De acordo com a advogada, as mudanças propostas impactam profundamente as relações familiares e os contratos entre cônjuges, ao reconhecer e regulamentar novos arranjos familiares e flexibilizar os aspectos jurídicos desses vínculos. "As alterações visam modernizar as relações familiares, garantir a proteção dos direitos de todas as partes envolvidas e permitir que os contratos entre cônjuges e companheiros sejam mais flexíveis, adaptando-se às realidades da convivência familiar, sempre com foco na dignidade, proteção e equidade", ressalta.

Uma das mudanças mais relevantes destacadas pela a advogada é a possibilidade de divórcio ou dissolução da união estável de forma unilateral, sem necessidade de anuência da outra parte ou escritura pública. Além disso, a alteração do regime de bens passa a ser flexibilizada, podendo ser modificada por escritura pública ou por cláusula estipulada previamente em pacto antenupcial ou convivencial. Também se prevê a possibilidade de mudança automática do regime após um período pré-definido, sem efeitos retroativos e garantindo a proteção de terceiros.

No que se refere ao pagamento de alimentos, Liliana explica que a nova legislação mantém o caput do artigo 1.699 e adiciona dois novos parágrafos sobre a obrigação alimentar. O § 1º estabelece que, nos casos de alimentos para crianças e adolescentes, a obrigação cessa com a maioridade, cabendo ao alimentante solicitar judicialmente sua extinção, conforme já consolidado na Súmula 358 do STF. O § 2º permite a prorrogação do direito à pensão por um período razoável após a maioridade, caso o beneficiário ainda esteja concluindo sua formação educacional em curso superior, técnico ou profissionalizante.

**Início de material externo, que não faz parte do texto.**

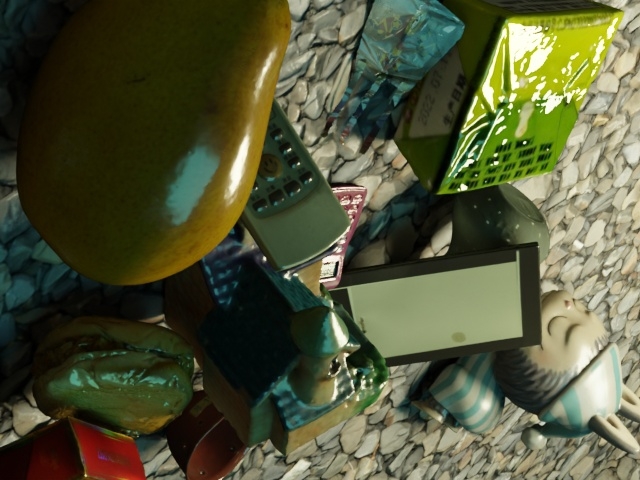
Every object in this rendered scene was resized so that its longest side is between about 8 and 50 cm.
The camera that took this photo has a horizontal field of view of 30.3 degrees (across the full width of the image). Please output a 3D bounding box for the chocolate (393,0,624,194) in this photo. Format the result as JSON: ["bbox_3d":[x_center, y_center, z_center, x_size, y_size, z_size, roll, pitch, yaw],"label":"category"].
[{"bbox_3d":[0.273,-0.233,1.762,0.301,0.137,0.289,-12,133,-42],"label":"chocolate"}]

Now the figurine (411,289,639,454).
[{"bbox_3d":[0.431,0.295,2.246,0.361,0.377,0.266,-51,146,2],"label":"figurine"}]

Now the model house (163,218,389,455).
[{"bbox_3d":[-0.055,0.071,1.537,0.245,0.312,0.280,-23,145,-27],"label":"model house"}]

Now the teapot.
[{"bbox_3d":[0.255,0.024,1.980,0.183,0.183,0.251,7,130,-50],"label":"teapot"}]

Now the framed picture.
[{"bbox_3d":[0.192,0.115,1.946,0.347,0.016,0.265,-10,137,4],"label":"framed picture"}]

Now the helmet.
[{"bbox_3d":[-0.168,0.280,1.808,0.175,0.106,0.155,-36,146,-25],"label":"helmet"}]

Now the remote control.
[{"bbox_3d":[-0.078,-0.104,1.401,0.123,0.285,0.038,-30,178,-26],"label":"remote control"}]

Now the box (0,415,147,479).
[{"bbox_3d":[-0.400,0.336,1.500,0.313,0.089,0.197,-26,156,7],"label":"box"}]

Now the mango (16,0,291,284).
[{"bbox_3d":[-0.176,-0.135,1.259,0.378,0.264,0.221,-59,173,11],"label":"mango"}]

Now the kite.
[{"bbox_3d":[0.089,-0.231,1.625,0.141,0.015,0.245,23,113,-22],"label":"kite"}]

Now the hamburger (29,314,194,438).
[{"bbox_3d":[-0.269,0.177,1.528,0.213,0.108,0.214,1,147,0],"label":"hamburger"}]

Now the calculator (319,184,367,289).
[{"bbox_3d":[0.000,0.000,1.784,0.126,0.034,0.190,-5,122,-44],"label":"calculator"}]

Quanto aos alimentos entre cônjuges e conviventes, a reforma cria um capítulo específico para o tema, reorganizando os dispositivos e eliminando a menção à separação judicial. O artigo 1.702 determina que, em caso de dissolução da relação, um cônjuge deve prestar alimentos ao outro caso este esteja desprovido de recursos. Um parágrafo único reforça o caráter transitório da pensão, permitindo que o juiz fixe um prazo final para sua concessão, garantindo tempo suficiente para a inserção ou recolocação do beneficiário no mercado de trabalho.

No âmbito sucessório, a reforma propõe a equiparação entre cônjuges e companheiros, revogando o artigo 1.790 e retirando ambos da categoria de herdeiros necessários, mantendo apenas descendentes e ascendentes com direito à legítima.